The Ombud for Short-term Insurance (OSTI) recently published its quarterly newsletter: The Ombudsman’s Briefcase Issue 3 of 2019, which contains news and events from OSTI, a few case studies and consumer tips.
The case studies are intended to provide guidance and insight into the way the OSTI deals with complaints. In this issue, the case studies focus on whether a change in the use of a residential property was material to the loss, an insured’s duty to disclose material information when the policy is taken out, exercising a duty of care in respect of cell phone devices and selecting a repairer in the event of a vehicle claim. There are some important lessons which advisors can take from these cases to avoid similar issues arising when a client has a claim.
We take a closer look at the case study relating to disclosing material information.
In this case Ms. A was involved in a motor vehicle accident and the claim was rejected by the insurer on the grounds that Ms. A had failed to disclose a cancellation of a previous policy due to fraud and dishonesty.
The case sets out that Ms. A had a previous insurance policy cancelled, in January 2007, due to fraud and dishonesty by a previous insurer. The cancellation was based on the previous insurer’s investigation into an incident in which Ms. A admitted to having willfully supplied incorrect information relating to items claimed for.
When Ms. A took out a new policy, it was underwritten on information contained in the proposal form and the previous cancellation was never disclosed by Ms. A. However, the insurer (of the new policy) learnt of the previous cancellation during the validation of a claim by Ms. A and subsequently rejected the current claim.
The insurer submitted that had there been disclosure of the previous cancellation, it would not have accepted the risk. Ms. A’s argument against the decision to reject the claim was that the proposal form did not specifically require her to disclose this information and that she truthfully answered what was asked of her. She further added that she did not disclose the cancellation because she assumed that, if it was critical enough to the insurer, it would have asked the question in the application form. She also disputed the materiality of the previous cancellation as it related to a different risk.

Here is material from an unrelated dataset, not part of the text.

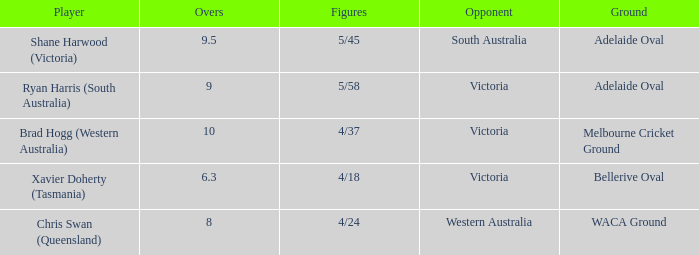What did Xavier Doherty (Tasmania) set as his highest Overs? 6.3. 
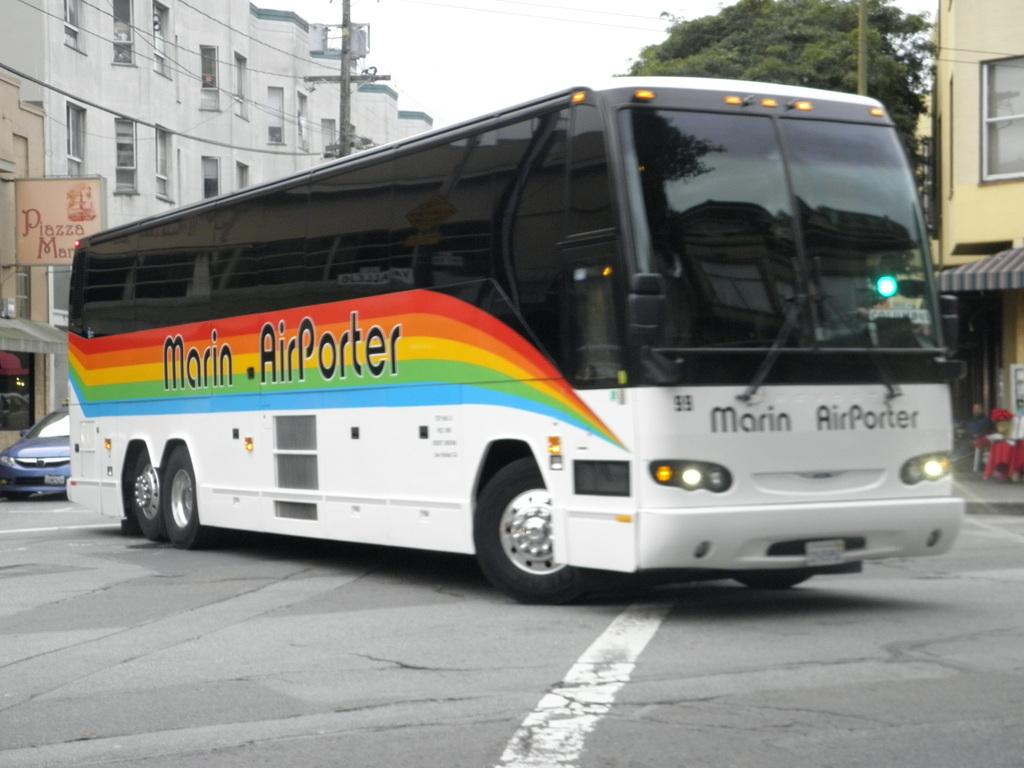What is the main subject of the image? The main subject of the image is a bus. Where is the bus located in the image? The bus is on a road in the image. What can be seen in the background of the image? There are buildings, a tree, and poles in the background of the image. What type of scarf is the giraffe wearing while playing with the ball in the image? There is no giraffe, scarf, or ball present in the image. The image only features a bus on a road with buildings, a tree, and poles in the background.

OSTI noted that although the proposal form did not specifically request the disclosure of previous cancellations, it did contain a section titled “General Details” which stated that the insurer is dependent on the insured providing correct and complete information whether asked or not. In addition, the proposal form contained a warranty signed by Ms. A regarding the accuracy of information and that it contained all information known to her affecting the risks under the sections to be insured. Further the policy wording itself also cautioned against any incomplete or incorrect information and that the insurer may cancel the policy and the insured may lose the right to claim.
The OSTI’s view was that such wording created a clear duty on Ms. A to disclose the information relating to the previous cancellation. The OSTI also found that the information which Ms. A withheld related to the acceptability of the entire risk and not only the single risk of a motor vehicle and that an insurer is within its rights to determine the underwriting criteria it will use to decide whether to accept a risk or not. The OSTI found that a reasonable person in Ms. A’s position would have considered this information to be material and would have disclosed it at the start of the contract, whether the question was specifically asked or not.
Accordingly, the OSTI upheld the insurer’s decision as it found that there was a material nondisclosure by Ms. A which entitled the insurer to reject the claim and void the policy. The insurer refunded the premiums paid since the start of cover, less any claims that were paid during the subsistence of the policy.
Advisors must encourage their clients to always be transparent and make full disclosure and let the insurer decide whether such information should be taken into consideration when underwriting the policy. Full disclosure should not only be considered at the inception stage of a policy but whenever there are any changes in circumstances. Full disclosure can prevent the possibility of a claim being rejected based on misrepresentation or non-disclosure and causing undue delay with the finalisation of a claim. Advisors are also encouraged to go through the policy document with their clients and ensure that the client understands and is alerted to any special clauses or provisions.